(EXERCISE REQUIREMENTS) Each line of the listing, apart from the pictures, is to be printed exactly.

(DATA IN THIS EXERCISE)
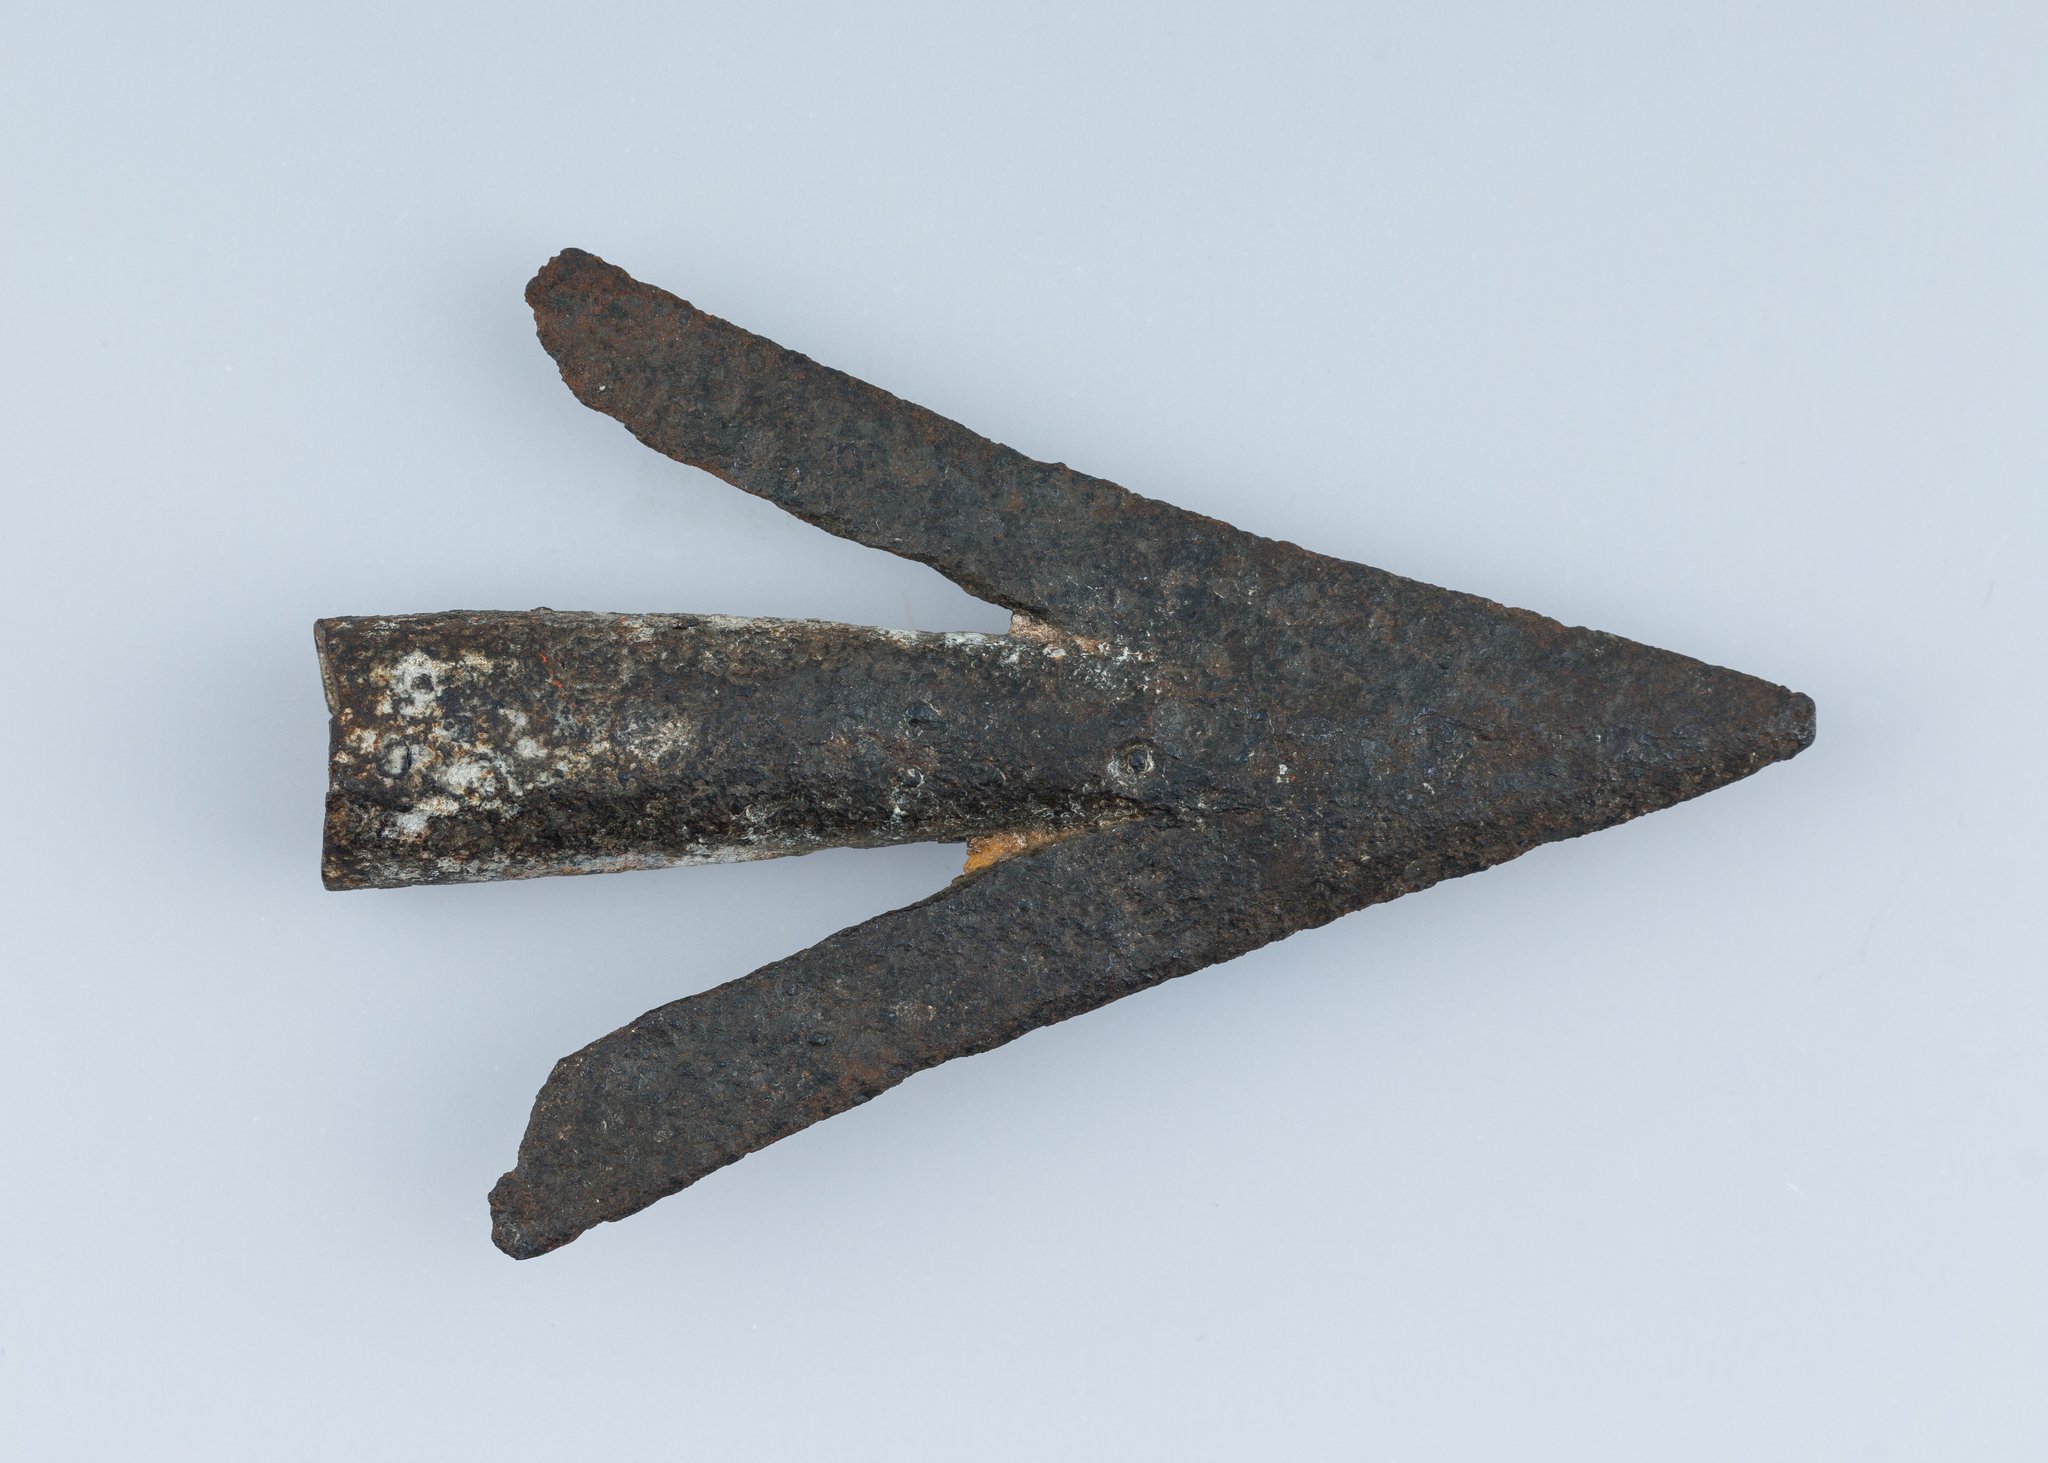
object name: arrow head
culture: spanish
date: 1501-1600
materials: iron
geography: spain
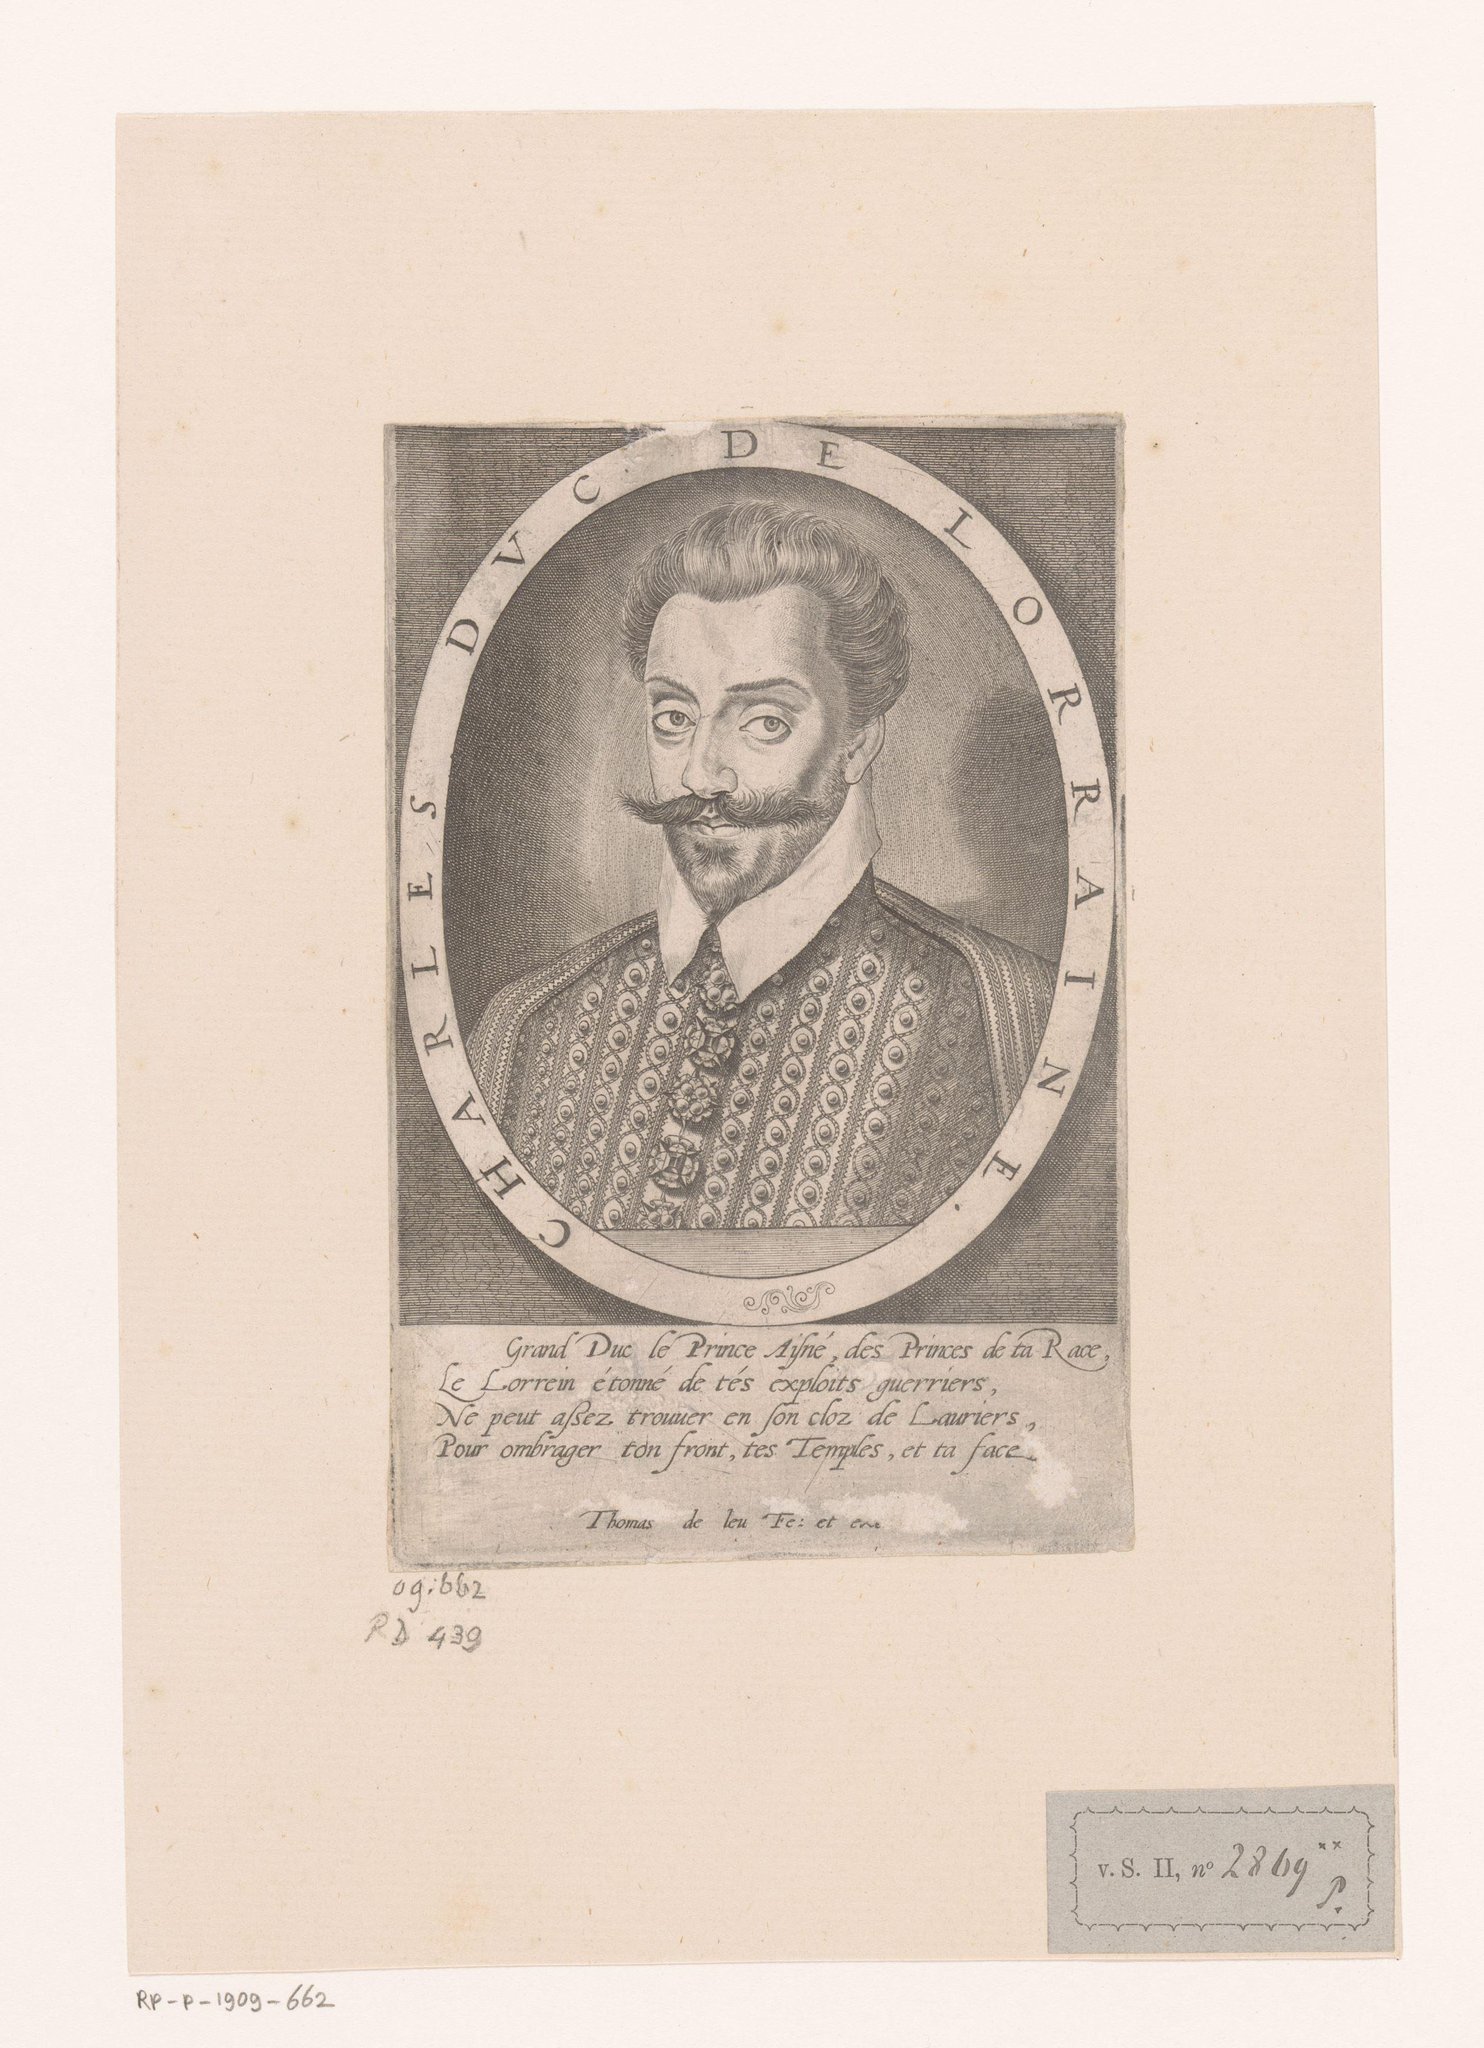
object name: print
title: Portret van Karel III, hertog van Lotharingen
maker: thomas de leu
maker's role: print maker, publisher
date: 1576-1614
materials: paper
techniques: engraving
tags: historical persons
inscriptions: collector's mark: Lugt 2228
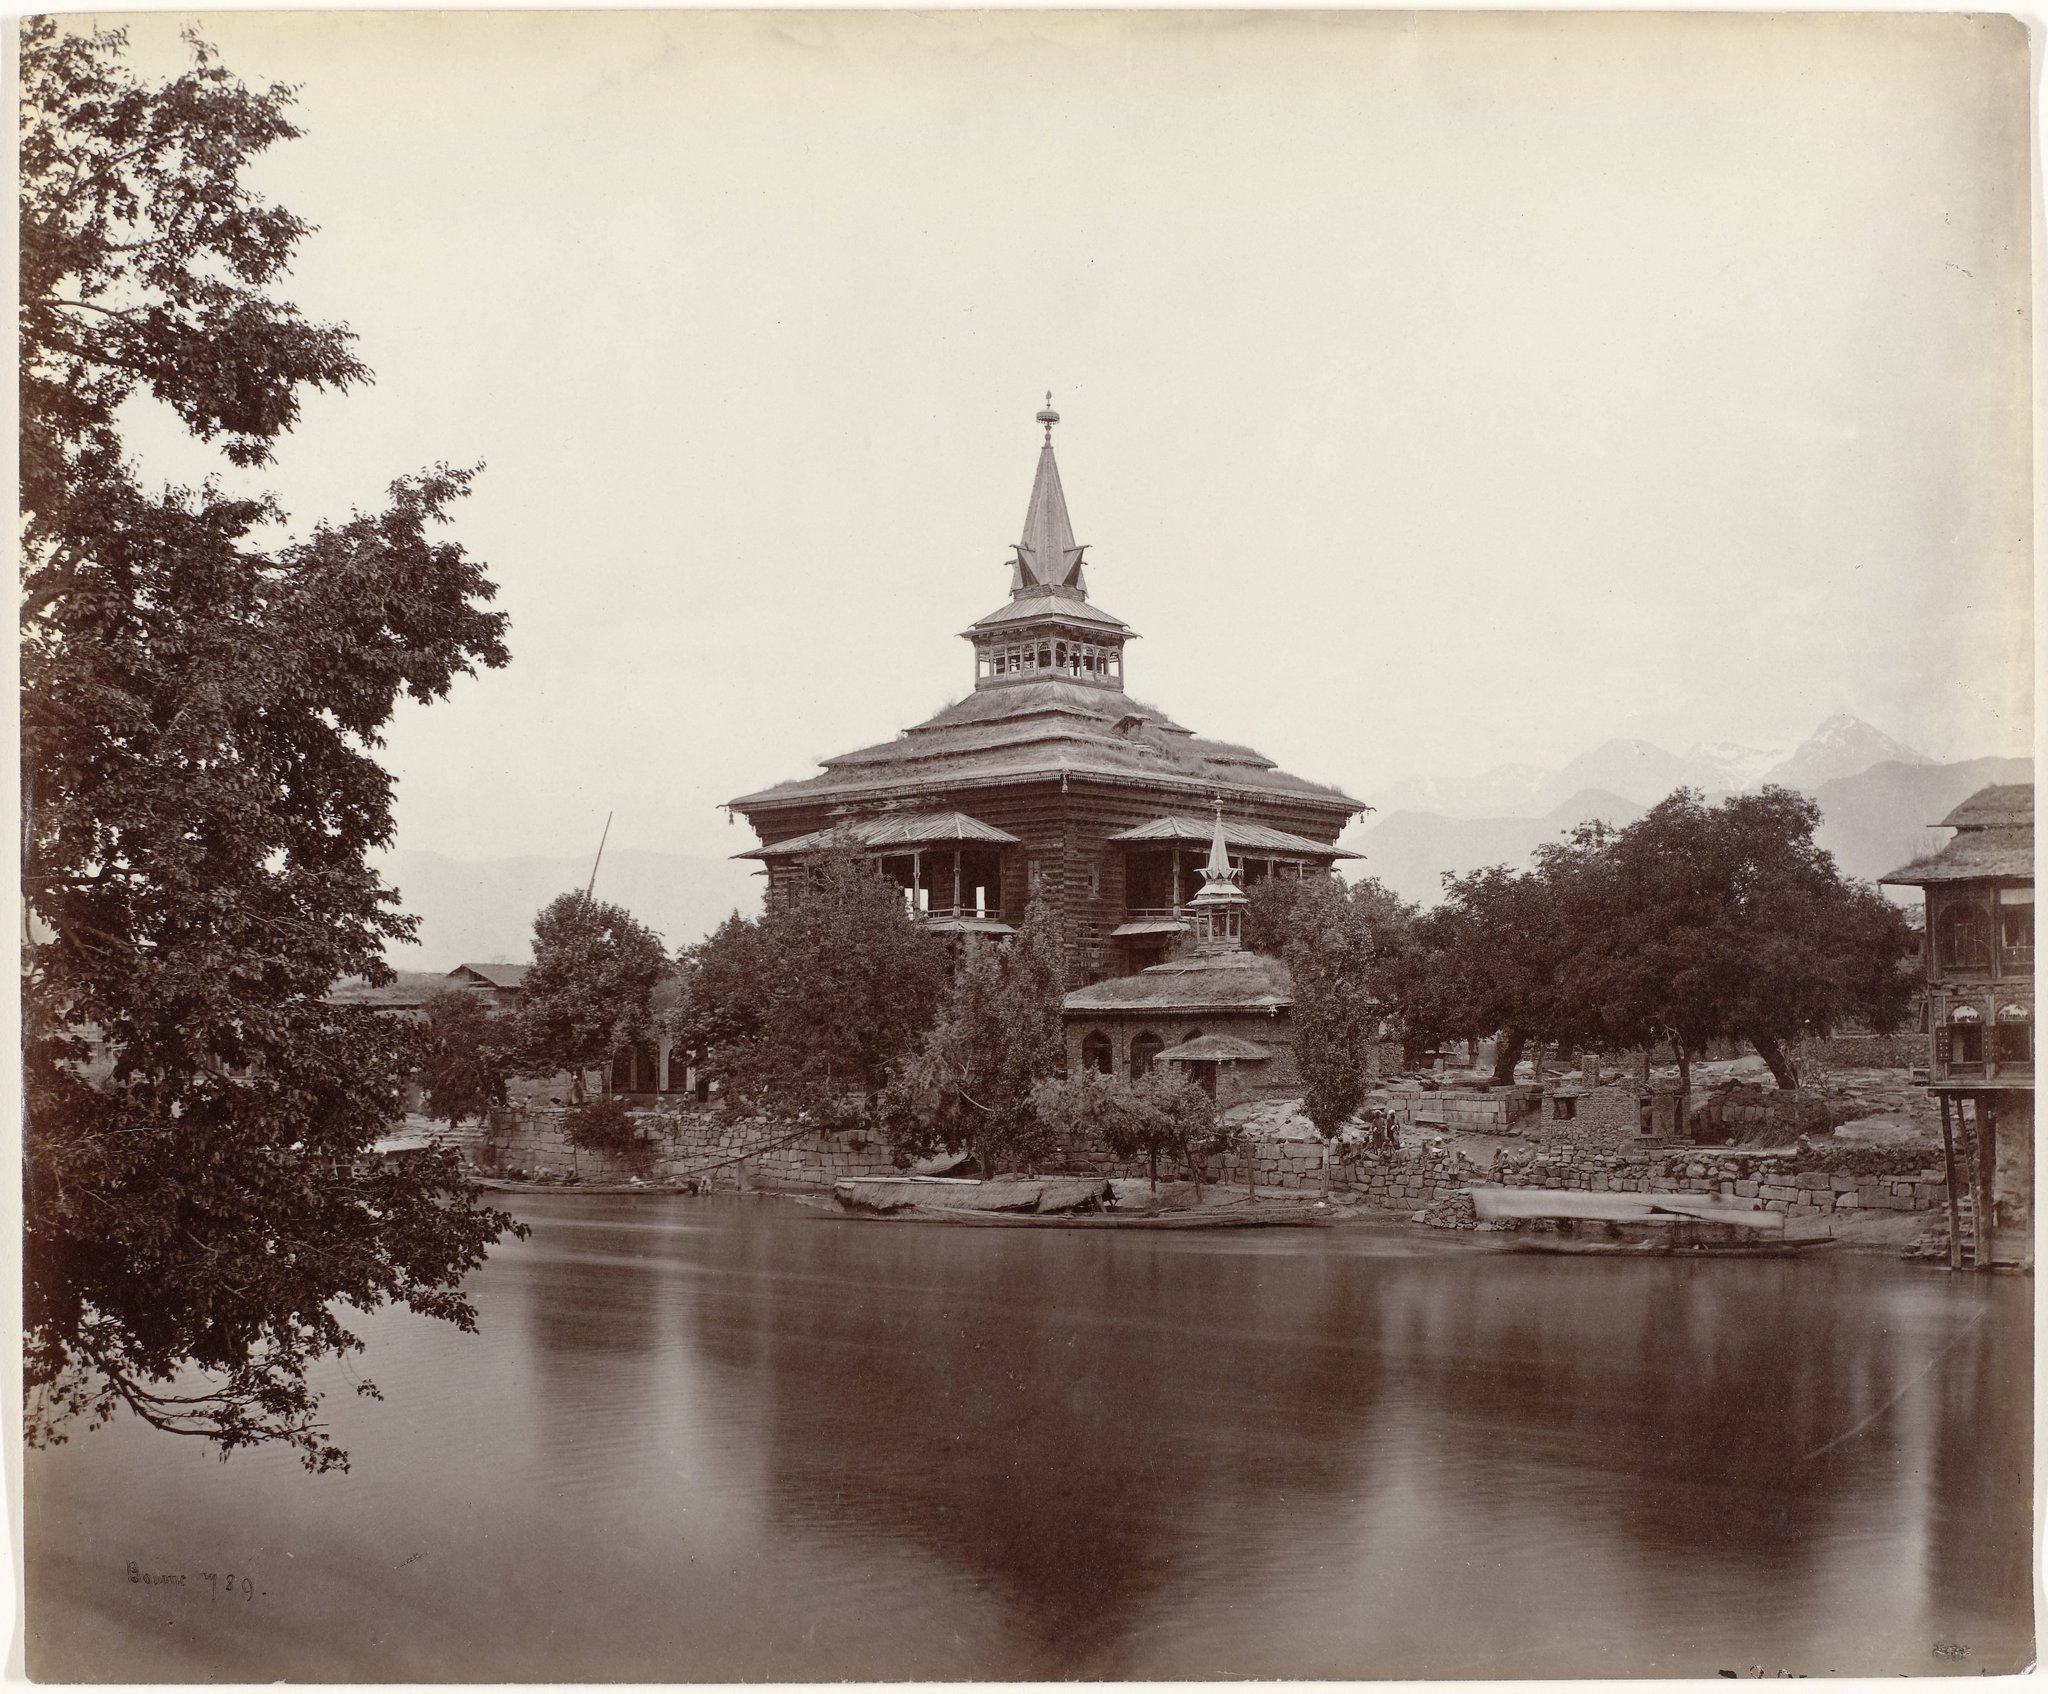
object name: photograph
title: View of the Shah-e-Hamdan mosque in Srinagar, Jammu & Kashmir, India
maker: samuel bourne
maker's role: fotograaf
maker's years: 1834-1912
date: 1864
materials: paper
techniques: albumen print
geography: srinagar
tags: temple, shrine ~ islam, mohammedanism
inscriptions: number: ‘789’, inscription: ‘789/ Kashmir/ Shah Hamadan Musjid, Srinuggur’, name: ‘Bourne’
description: Voorgrond Jhelum-rivier, achtergrond Himalaya-bergen

(REPLY)
object name: arrow head
culture: spanish
date: 1501-1600
materials: iron
geography: spain
object name: print
title: Portret van Karel III, hertog van Lotharingen
maker: thomas de leu
maker's role: print maker, publisher
date: 1576-1614
materials: paper
techniques: engraving
tags: historical persons
inscriptions: collector's mark: Lugt 2228
object name: photograph
title: View of the Shah-e-Hamdan mosque in Srinagar, Jammu & Kashmir, India
maker: samuel bourne
maker's role: fotograaf
maker's years: 1834-1912
date: 1864
materials: paper
techniques: albumen print
geography: srinagar
tags: temple, shrine ~ islam, mohammedanism
inscriptions: number: ‘789’, inscription: ‘789/ Kashmir/ Shah Hamadan Musjid, Srinuggur’, name: ‘Bourne’
description: Voorgrond Jhelum-rivier, achtergrond Himalaya-bergen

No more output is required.